Our Perspectives

Hope and recovery after deadliest attack in Somalia's history


Mariam from the Somali Federal Ministry of Foreign Affairs smiles but nods gravely when asked if she was scared. When the powerful blasts occurred on Saturday 14 October in Mogadishu, it was a working day for government employees of the Federal Ministries of Planning, Investment and Economic Development (MoPIED) and Foreign Affairs (MoFA). Both ministries are near the sites of the first and second explosions that devastated Mogadishu that Saturday, explosions which claimed over 400 lives and injured hundreds more.  
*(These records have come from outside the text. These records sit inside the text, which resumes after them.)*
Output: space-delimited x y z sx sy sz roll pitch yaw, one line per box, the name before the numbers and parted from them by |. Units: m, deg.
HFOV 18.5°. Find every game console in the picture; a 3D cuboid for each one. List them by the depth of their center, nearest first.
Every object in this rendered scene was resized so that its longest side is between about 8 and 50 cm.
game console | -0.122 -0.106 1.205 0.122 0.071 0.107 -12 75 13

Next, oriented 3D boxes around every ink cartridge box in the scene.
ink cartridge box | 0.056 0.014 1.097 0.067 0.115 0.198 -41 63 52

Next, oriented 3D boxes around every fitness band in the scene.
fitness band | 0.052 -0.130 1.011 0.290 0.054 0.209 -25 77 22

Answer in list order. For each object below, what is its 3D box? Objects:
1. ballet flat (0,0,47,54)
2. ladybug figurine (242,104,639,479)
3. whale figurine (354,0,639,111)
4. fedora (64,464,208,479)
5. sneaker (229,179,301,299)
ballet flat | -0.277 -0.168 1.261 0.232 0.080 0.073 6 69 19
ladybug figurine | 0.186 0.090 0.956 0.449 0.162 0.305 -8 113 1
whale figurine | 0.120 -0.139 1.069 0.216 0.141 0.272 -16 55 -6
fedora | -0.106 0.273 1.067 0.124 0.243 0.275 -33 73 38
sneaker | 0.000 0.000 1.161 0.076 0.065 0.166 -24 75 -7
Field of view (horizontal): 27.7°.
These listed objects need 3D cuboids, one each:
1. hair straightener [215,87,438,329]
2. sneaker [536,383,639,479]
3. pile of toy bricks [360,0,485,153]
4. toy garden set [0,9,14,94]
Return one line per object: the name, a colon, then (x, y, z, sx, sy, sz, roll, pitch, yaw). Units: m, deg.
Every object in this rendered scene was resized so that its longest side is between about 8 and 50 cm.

As part of a United Nations Development Programme disaster response team led by Deputy Country Director David Akopyan, I inspect the outside perimeter wall of the Ministry.  Vertical and horizontal cracks on the walls attest to likely structural damage. The windows are all shattered, the frames distorted into contortioned shapes. Pieces of tinted glass litter the entrance floor, cracking under our careful steps.

Inside, it is a post-earthquake scene with collapsed office furniture, piles of debris, a series of more visible cracks lining the walks, and a lingering impression that time stopped ten days ago. In the main conference room below a ceiling painted with the Somali flag, half-drunk bottles of water remain where government officials left them in a hurry, running from danger. A colourful banner showing the global Sustainable Development Goals still hangs at the place where a dedicated unit spearheading the implementation of the newly adopted National Development Plan used to work. I.T. equipment has also been damaged by the shock wave of the blast. An annex once donated by the European Union is beyond repair.

Amongst the victims of the 14 October attacks in Mogadishu were government employees, families, street vendors, Saturday pedestrians and citizens going for errands, including our own colleague Faiza Sheikh Mohamed, a mother of four school-aged children. I take a moment to remember her and the others affected by the tragedy while heavy rain comes through broken windows that no longer have frames. This was the single deadliest attack that Mogadishu ever experienced. Faiza was hope and warmth, very much embodying the soul of Somalia that is rising from a legacy of a perceived failed state. While it remains a fragile country, Somalia has also made formidable state building and stability gains in recent years. To keep such gains, Somalis need our collective support, to recover and then to rebuild, now more than ever.  

UNDP has commissioned satellite imagery in the aftermath of the blast to assess structural damage for rubble removal, in partnership with United Nations Institute for Training and Research (UNITAR) UNOSAT imagery and has started a rapid needs assessment to further estimate livelihoods loss and ways for the neighbourhood to get back on its feet, focusing on women, youth and those injured. UNDP stands ready to support community recovery with our Somali and international partners - to realise our Faiza’s dream for a peaceful and prosperous Somalia.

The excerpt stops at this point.